The usual interpretation is that scripts glue together system commands that don't otherwise incorporate one another. This is tremendously useful and is by itself a huge advantage over GUIs.
But the second sense is that vast libraries of scripts keep developers bound to their previous UI promises. You don't capriciously change command-line options without raising all kinds of ire. I've seen GNU tools (tar comes to mind) in which options have been "deprecated" for decades, yet are still available. I seem to recall a very small number of cases where options had their senses entirely inverted, to much protest, and ultimately abandonment of those tools. In other cases you've got generations of programs which support backwards-compatible options with precursors: exim and postfix with sendmail, ssh with rsh, alpine with pine, off the top of my head. Developer headspace and script compatibility are valuable.
On that note, whilst I find the *BSD's extreme conservatism annoying myself, I can appreciate that it does lead to increased consistency over time as compared with GNU userland.
Want to know how to copy and paste quickly? It's Right There in the menu you found the action in. Don't know that yet? Alt + E (underlined in Edit) then some other key to jump to the action in the list, or you now see the list, abort the previous command sequence with Esc, and then start memorizing the new shortcut for Ctrl+c + Ctrl+v.

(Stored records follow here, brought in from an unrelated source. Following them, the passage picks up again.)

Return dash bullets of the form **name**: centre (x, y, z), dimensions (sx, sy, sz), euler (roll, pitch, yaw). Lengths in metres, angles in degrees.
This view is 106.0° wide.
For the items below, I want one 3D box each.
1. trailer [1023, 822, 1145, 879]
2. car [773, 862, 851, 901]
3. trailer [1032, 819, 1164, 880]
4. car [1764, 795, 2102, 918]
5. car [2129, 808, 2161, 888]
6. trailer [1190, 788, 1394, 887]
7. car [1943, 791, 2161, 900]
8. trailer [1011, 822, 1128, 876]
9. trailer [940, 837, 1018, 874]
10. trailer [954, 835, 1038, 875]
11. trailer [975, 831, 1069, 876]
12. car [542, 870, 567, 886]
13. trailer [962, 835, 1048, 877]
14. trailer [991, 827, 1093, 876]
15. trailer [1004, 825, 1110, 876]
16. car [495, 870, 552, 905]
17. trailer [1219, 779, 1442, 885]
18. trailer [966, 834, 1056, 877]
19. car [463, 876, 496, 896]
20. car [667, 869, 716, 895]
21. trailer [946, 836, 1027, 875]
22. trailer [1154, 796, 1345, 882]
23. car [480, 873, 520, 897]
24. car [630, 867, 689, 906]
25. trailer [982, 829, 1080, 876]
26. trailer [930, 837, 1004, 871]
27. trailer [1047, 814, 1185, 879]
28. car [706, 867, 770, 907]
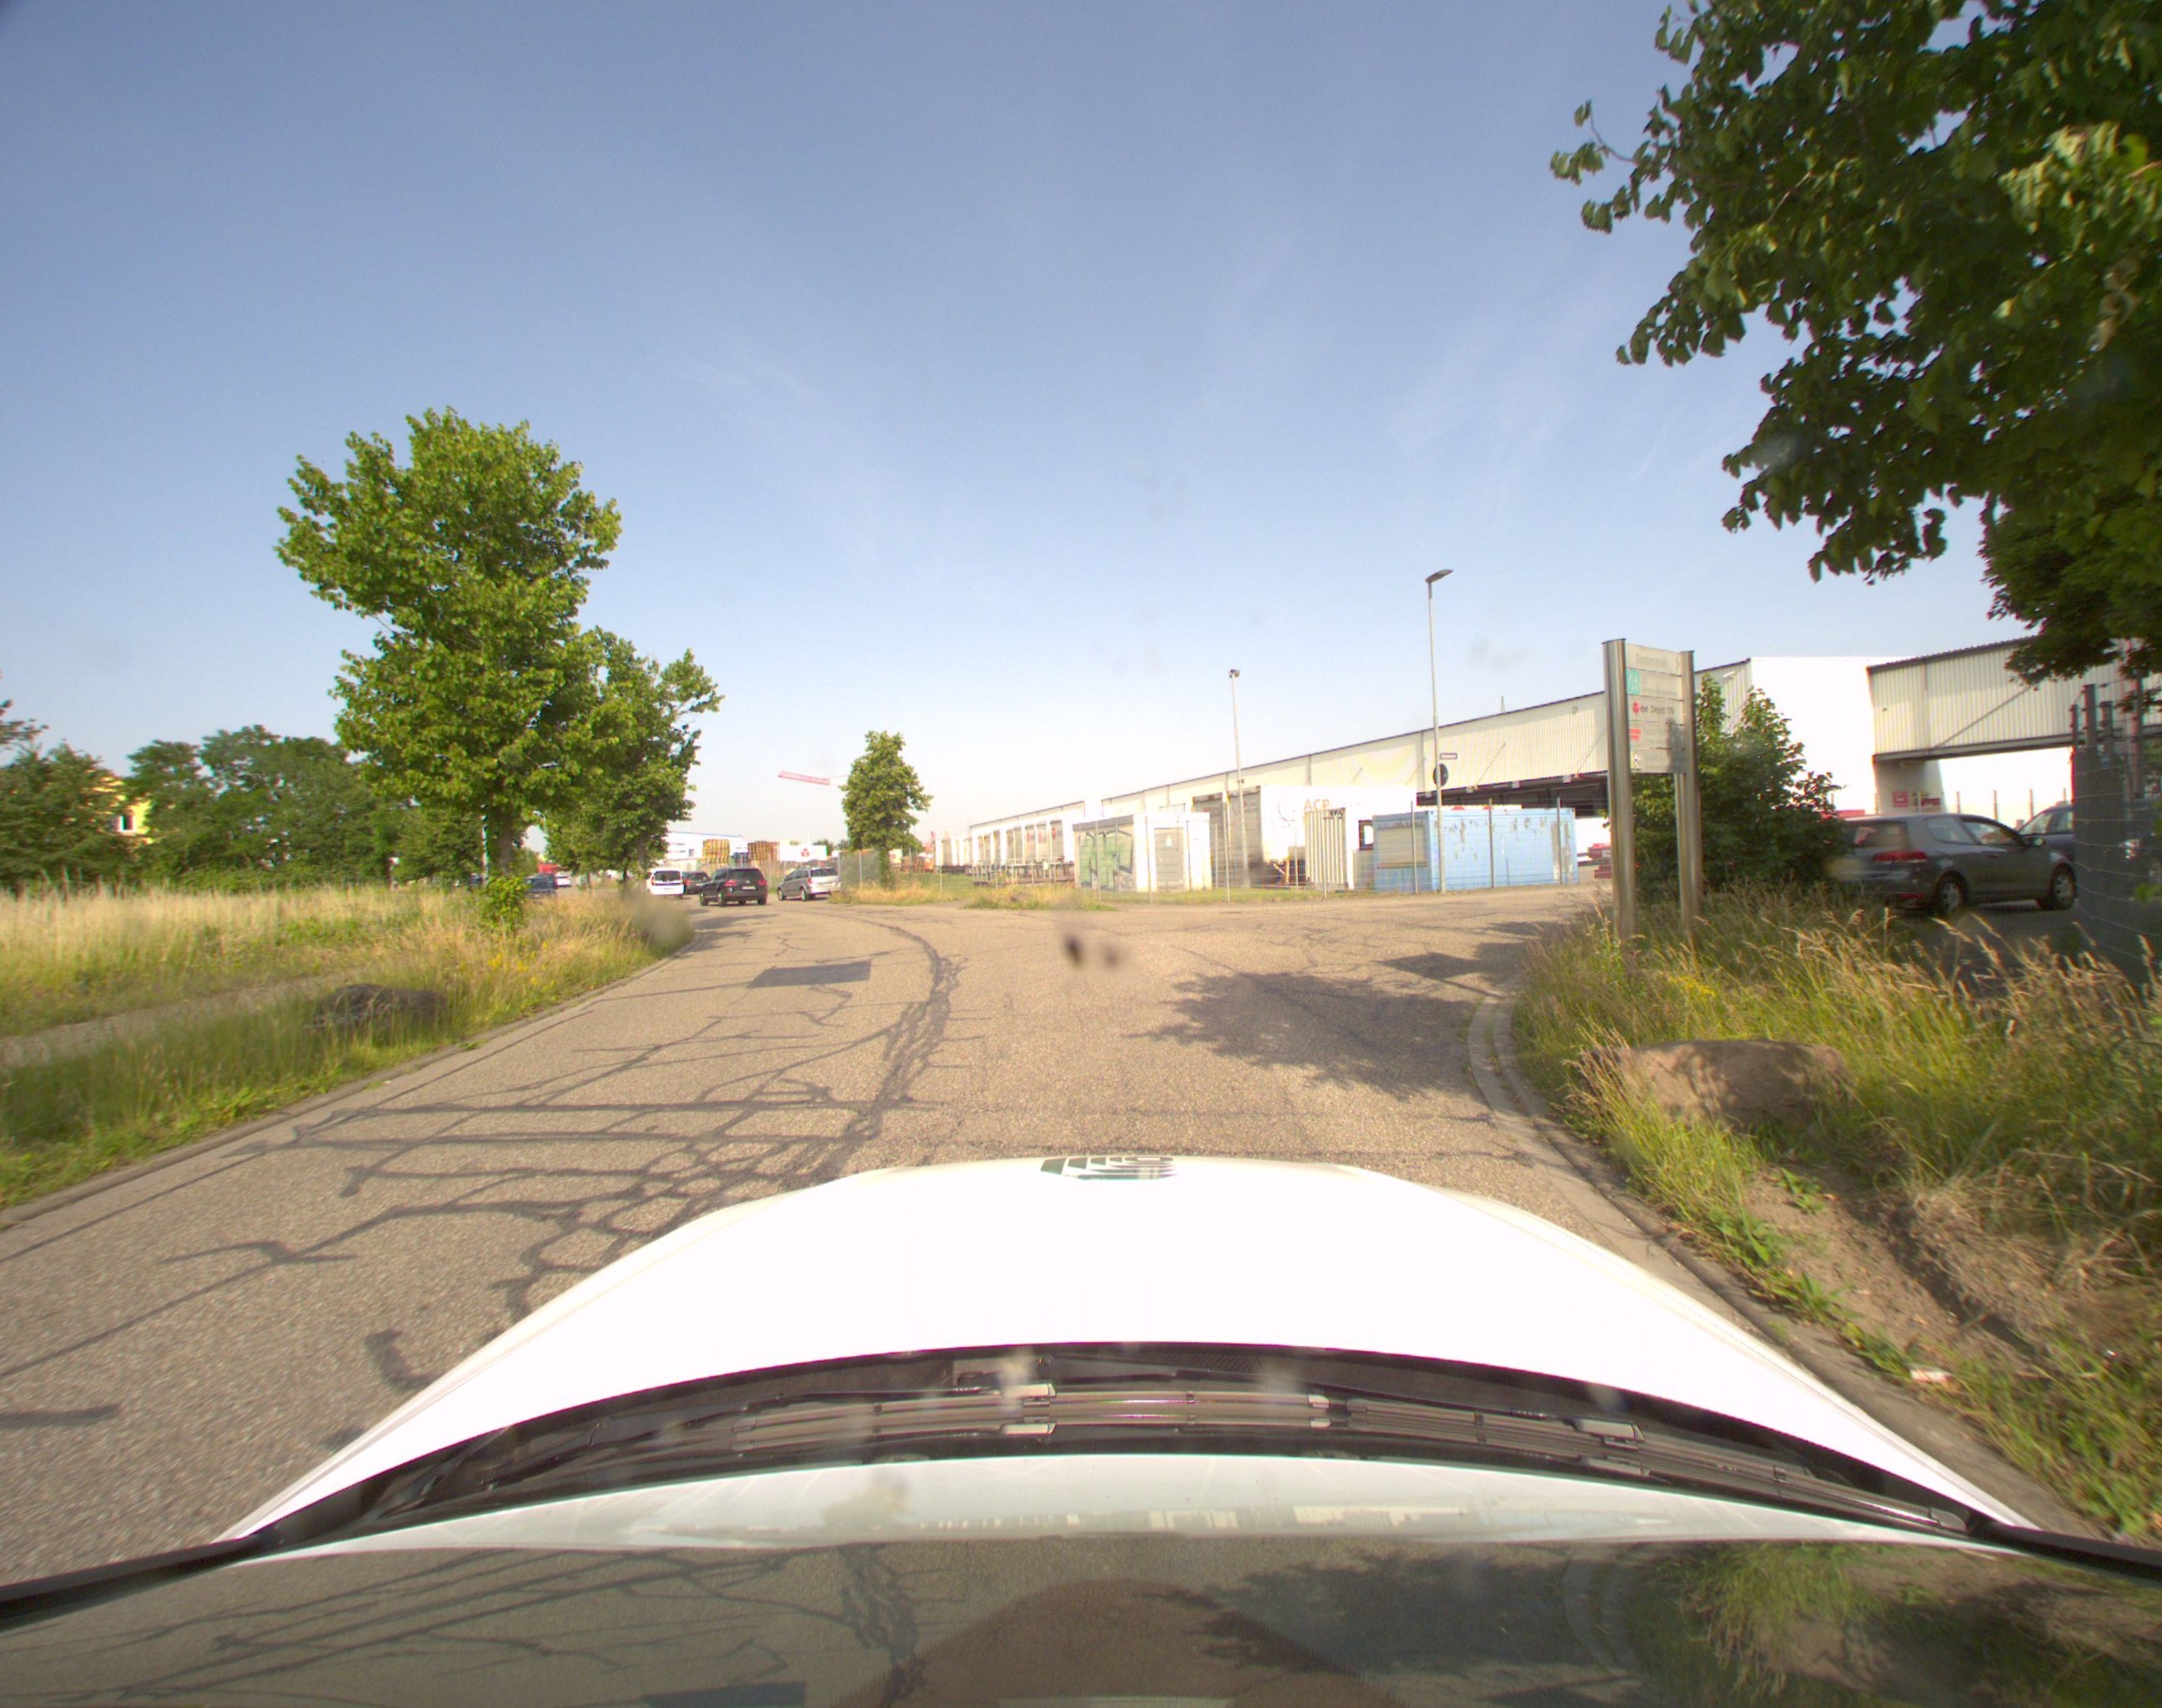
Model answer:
- **trailer**: centre (0.261, -0.233, 58.102), dimensions (8.341, 3.893, 2.755), euler (0, 0, -23)
- **car**: centre (-12.635, 1.267, 38.119), dimensions (1.815, 1.625, 4.396), euler (-4, 1, -41)
- **trailer**: centre (1.198, -0.294, 55.199), dimensions (8.571, 3.893, 2.755), euler (0, 0, -23)
- **car**: centre (12.301, 0.043, 11.811), dimensions (3.958, 1.524, 1.717), euler (-2, -3, -17)
- **car**: centre (22.800, -0.220, 15.699), dimensions (4.490, 1.518, 1.717), euler (-2, -2, -18)
- **trailer**: centre (9.348, -0.763, 35.930), dimensions (8.567, 3.893, 2.756), euler (-3, 0, -21)
- **car**: centre (17.101, -0.143, 13.775), dimensions (4.269, 1.626, 1.864), euler (-2, -3, -20)
- **trailer**: centre (-0.836, -0.342, 60.940), dimensions (8.341, 3.893, 2.755), euler (0, 0, -23)
- **trailer**: centre (-11.016, 0.155, 87.862), dimensions (7.995, 3.893, 2.755), euler (0, 0, -23)
- **trailer**: centre (-8.580, 0.145, 82.148), dimensions (7.995, 3.893, 2.755), euler (0, 0, -23)
- **trailer**: centre (-5.290, -0.057, 73.092), dimensions (7.995, 3.893, 2.755), euler (0, 0, -23)
- **car**: centre (-59.419, 2.707, 91.836), dimensions (1.730, 1.680, 3.902), euler (-1, -1, -42)
- **trailer**: centre (-7.374, 0.196, 79.248), dimensions (7.995, 3.893, 2.755), euler (0, 0, -23)
- **trailer**: centre (-3.187, -0.175, 67.422), dimensions (7.995, 3.893, 2.755), euler (0, 0, -23)
- **trailer**: centre (-1.884, -0.285, 64.758), dimensions (8.066, 3.893, 2.755), euler (0, 0, -23)
- **car**: centre (-27.735, 1.648, 40.427), dimensions (1.919, 1.626, 4.396), euler (0, -1, -40)
- **trailer**: centre (10.146, -0.896, 33.046), dimensions (8.565, 3.894, 2.756), euler (-2, -3, -20)
- **trailer**: centre (-6.534, 0.125, 75.989), dimensions (7.995, 3.893, 2.755), euler (0, 0, -23)
- **car**: centre (-47.081, 2.473, 63.683), dimensions (1.848, 1.496, 4.001), euler (0, -1, -40)
- **car**: centre (-25.684, 1.863, 53.605), dimensions (1.730, 1.515, 3.955), euler (-4, 1, -43)
- **trailer**: centre (-9.888, 0.162, 85.183), dimensions (7.995, 3.893, 2.755), euler (0, 0, -23)
- **trailer**: centre (8.056, -0.718, 38.699), dimensions (8.767, 3.761, 2.770), euler (-1, -1, -22)
- **car**: centre (-38.493, 2.018, 53.955), dimensions (1.848, 1.496, 4.001), euler (0, -1, -40)
- **car**: centre (-24.645, 1.883, 47.503), dimensions (2.139, 2.110, 4.571), euler (-2, -1, -39)
- **trailer**: centre (-4.271, -0.106, 70.157), dimensions (7.995, 3.893, 2.755), euler (0, 0, -23)
- **trailer**: centre (-13.077, 0.001, 93.503), dimensions (7.995, 3.893, 2.722), euler (0, 0, -23)
- **trailer**: centre (2.271, -0.457, 52.342), dimensions (8.571, 3.893, 2.755), euler (0, 0, -23)
- **car**: centre (-15.066, 1.429, 35.642), dimensions (1.894, 1.586, 4.070), euler (-2, -1, -33)

Doesn't work so well for GUIs, which was sort of the original point.
I feel like it could be done if it was really a goal from day one, and there were things like "record this set of actions as a script" built into the toolkit. Even Applescript was still an afterthought, I think, albeit a very well supported one.
In the meantime, given the comprehensive failure of UI toolkits to support this style, it is completely fair for people to act and speak as if it doesn't exist.
If someone makes a GUI that does specifically what you want, you're in luck. If not, you're S.O.L.
With CLIs, you can almost always find some way to string things together to get what it is you want.
The hard case is working in domains which aren't inherently textual: graphics, audio, video, etc. Even there, you can often get much more accomplished from the terminal than you'd think, though setting up the process can be challenging at times. Not so useful for one-offs, but invaluable for repetitive processes.
To do that in a gui-centric fashion, the only tools we actually have are textual commands that direct gui action. essentially its a middleman step: if we are already writing our applescript lets say, we might as well just abrogate the actual commands that our applescript is trying to abrogate through the gui system.
As an aside, I think a great foundation for a GUI application is a "server" API that the GUI interacts with. You can automate a lot of testing this way and you can give power users the ability to automate workflows. Web apps are already built this way, but if you're making a standalone app you even have the privilege of making a very chatty API, which makes testing even easier.
An idea already implemented to varying degrees of success in places like BeOS, Haiku (operating system), and to a much lesser extent, AppleScript! You could also throw in the COM interop of Windows and OS/2.